Momentum is a technique used in the Optimization algorithms of deep learning, primarily to accelerate training and overcome obstacles like shallow local minima or plateaus in the Loss Function landscape. Inspired by the physical concept of momentum, the method incorporates a fraction of the previous update direction (the “velocity” of the parameters) into the current update step. This causes the model’s Weights to continue moving in the general direction of the minimum, even if the current gradient is small or contradictory.
Context: Relation to LLMs and Training Stability
Momentum is a core mechanism used within modern optimizers (such as Adam, which combines momentum with adaptive learning rates) to efficiently and stably train massive Large Language Models (LLMs) based on the Transformer Architecture.
- Speeding up Convergence: When training LLMs on massive datasets with billions of Parameters, every efficiency gain matters. Momentum smooths out the gradient updates, allowing the optimizer to take larger effective steps toward the global minimum, thereby reducing the total training time needed for Pre-training.
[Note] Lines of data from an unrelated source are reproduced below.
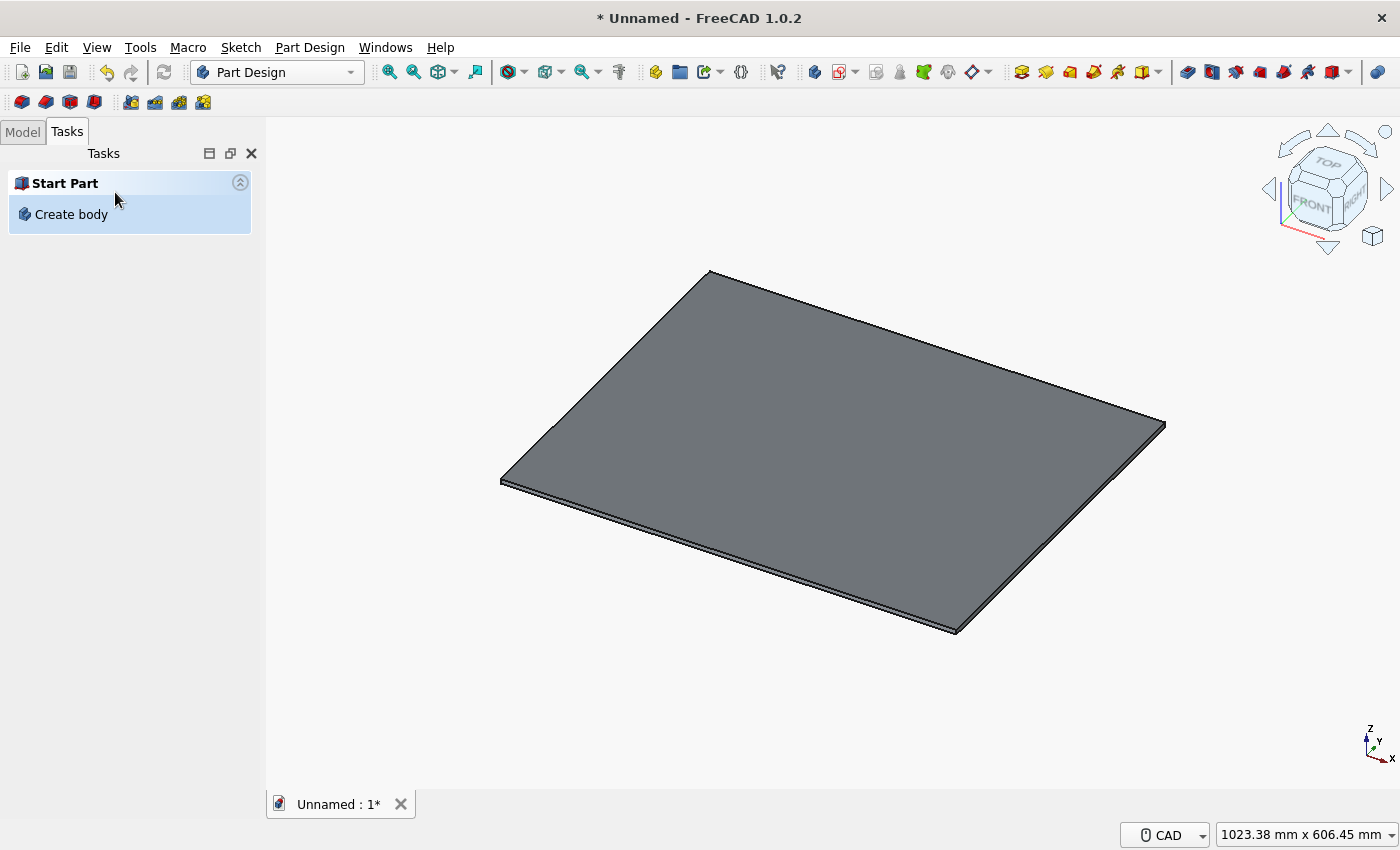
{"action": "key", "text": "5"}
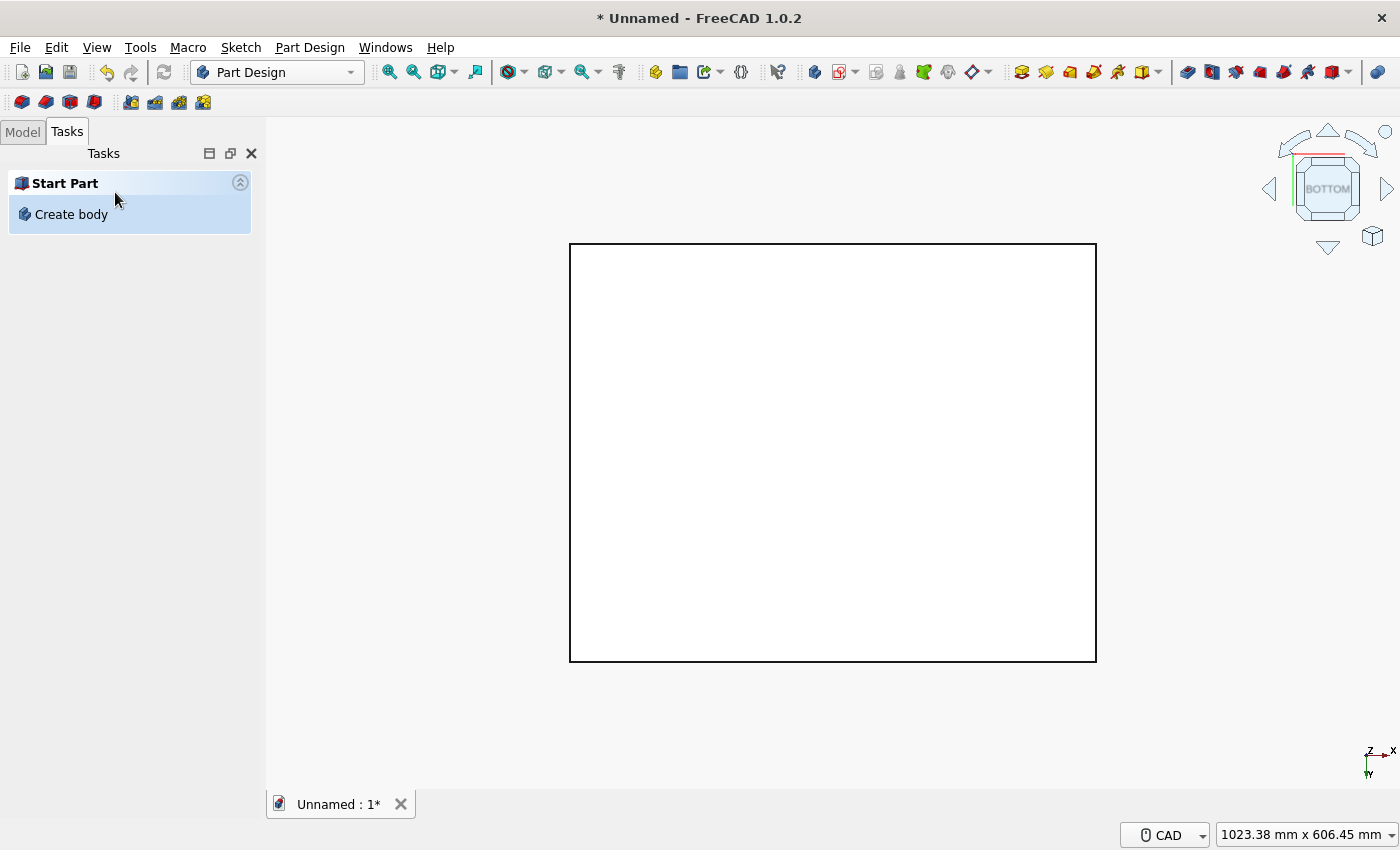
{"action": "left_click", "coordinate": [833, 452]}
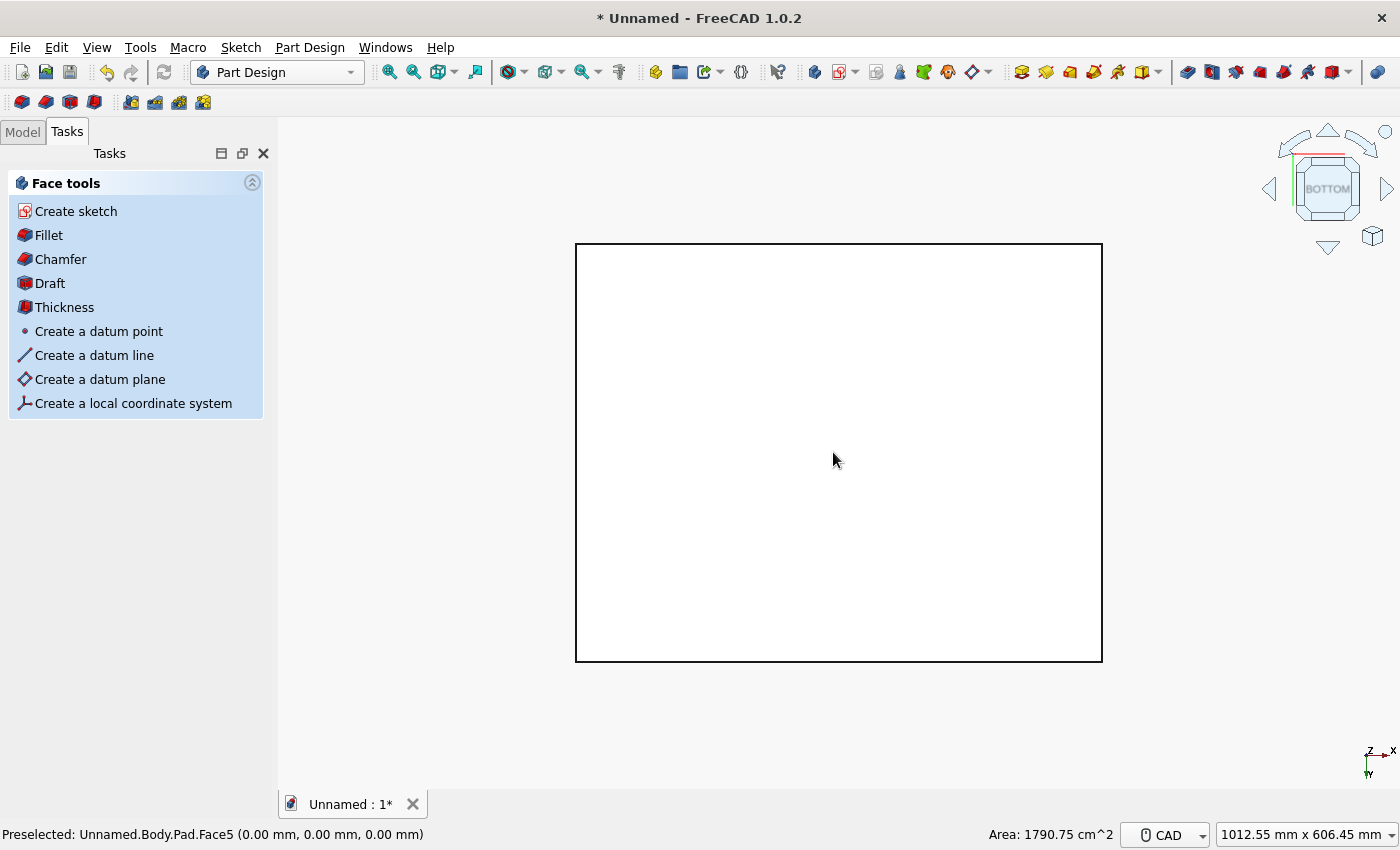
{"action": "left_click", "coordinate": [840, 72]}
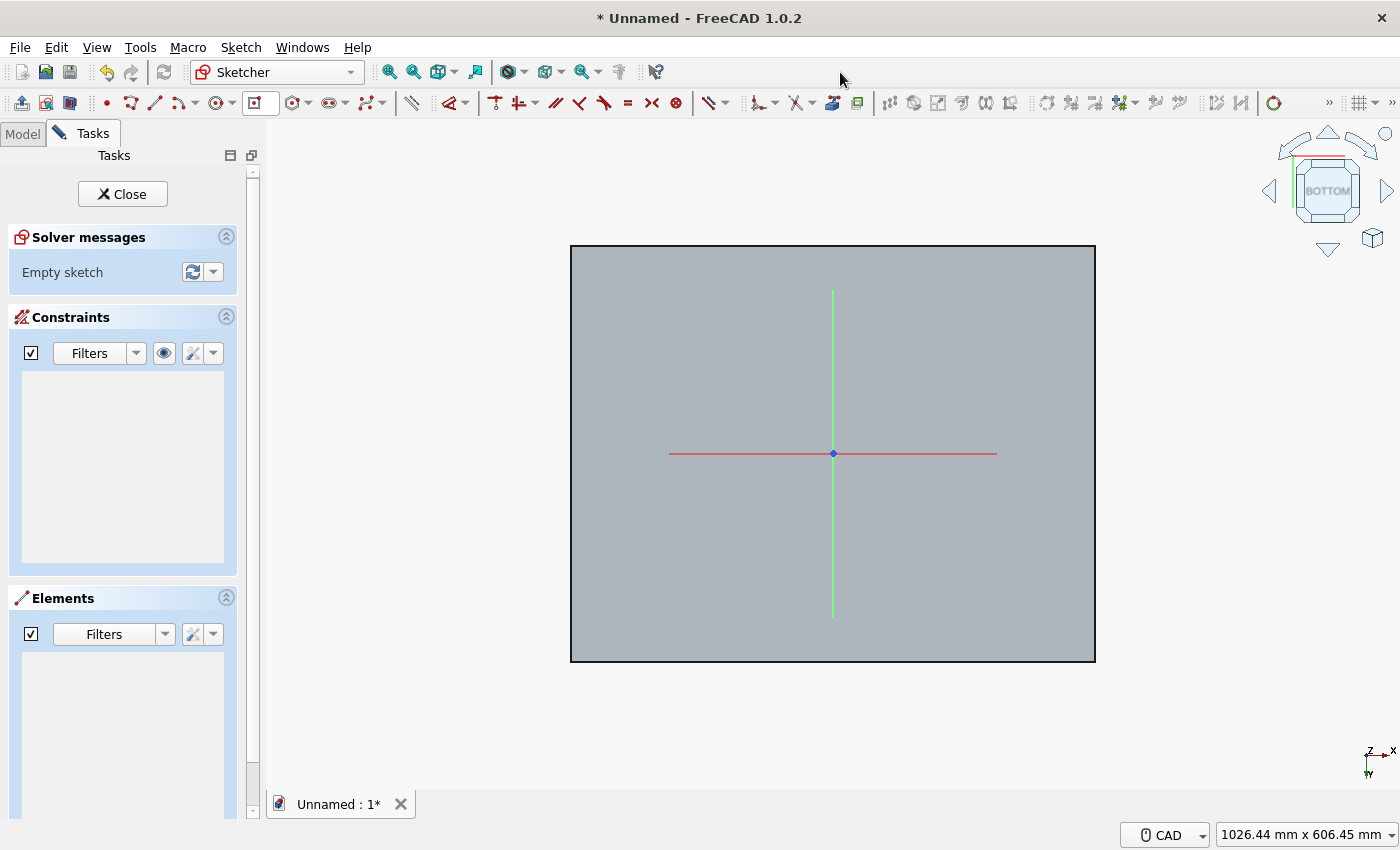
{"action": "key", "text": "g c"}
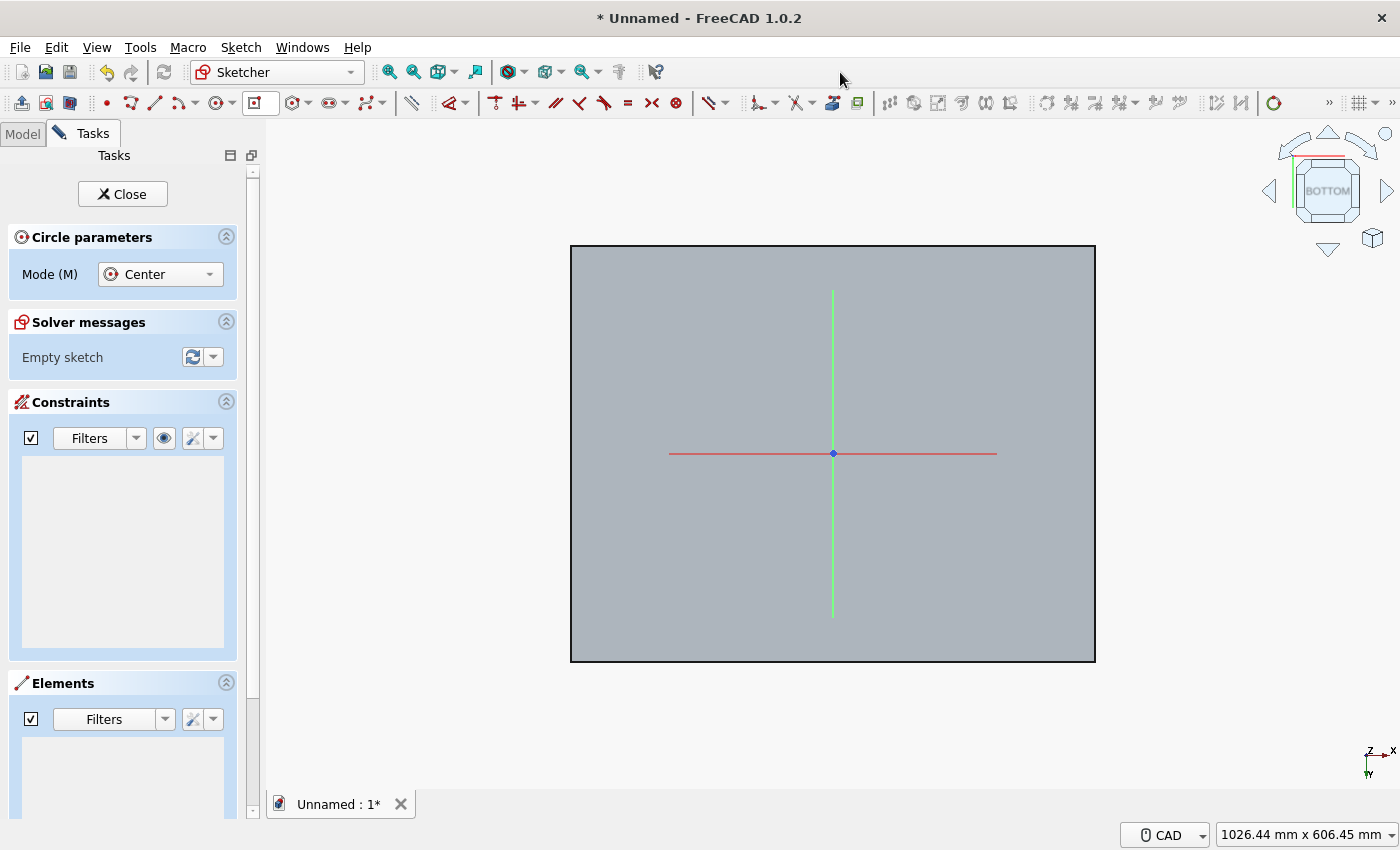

- Dampening Noise: During training, particularly when using small batch sizes or noisy data, the calculated Gradient Descent can fluctuate wildly. Momentum acts as a low-pass filter, averaging out the noise in the gradients and making the updates more consistent and stable. This is crucial for achieving high Generalization.
- Escaping Local Minima: The training landscape of deep Neural Networks is highly complex, filled with numerous local minima (points of low loss that are not the lowest overall loss). Momentum allows the optimizer to “roll through” or “over” minor local valleys by maintaining speed from previous steps, ultimately finding better minima where the model performs better.
The Momentum Update Rule
In standard Stochastic Gradient Descent (SGD), the parameter update is simple:
$$\theta \leftarrow \theta – \eta \nabla J(\theta)$$
With momentum, the update is split into two steps:
- Calculate Velocity ($v_t$): This is the moving average of past gradients.$$v_t = \gamma v_{t-1} + \eta \nabla J(\theta_t)$$
- Update Parameters ($\theta_t$): The parameters are updated by the newly calculated velocity vector.$$\theta_{t+1} = \theta_t – v_t$$
Where:
- $\theta$ are the model Weights.
- $\eta$ is the Learning Rate.
- $\nabla J(\theta_t)$ is the current gradient of the Loss Function.
- $\gamma$ (momentum coefficient) is a Hyperparameter (typically set between 0.9 and 0.99) that dictates how much of the previous velocity ($v_{t-1}$) is retained. A higher $\gamma$ means the network has more “inertia.”
Modern LLM training often uses optimizers like Adam or its variants, which cleverly integrate both momentum and adaptive learning rates (adjusting $\eta$ for each parameter) for state-of-the-art performance.
Related Terms
- Optimization: The overall process that momentum is designed to improve.
- Gradient Descent: The core algorithm that momentum modifies.
- Learning Rate: The size of the step in the gradient direction, which works in tandem with momentum.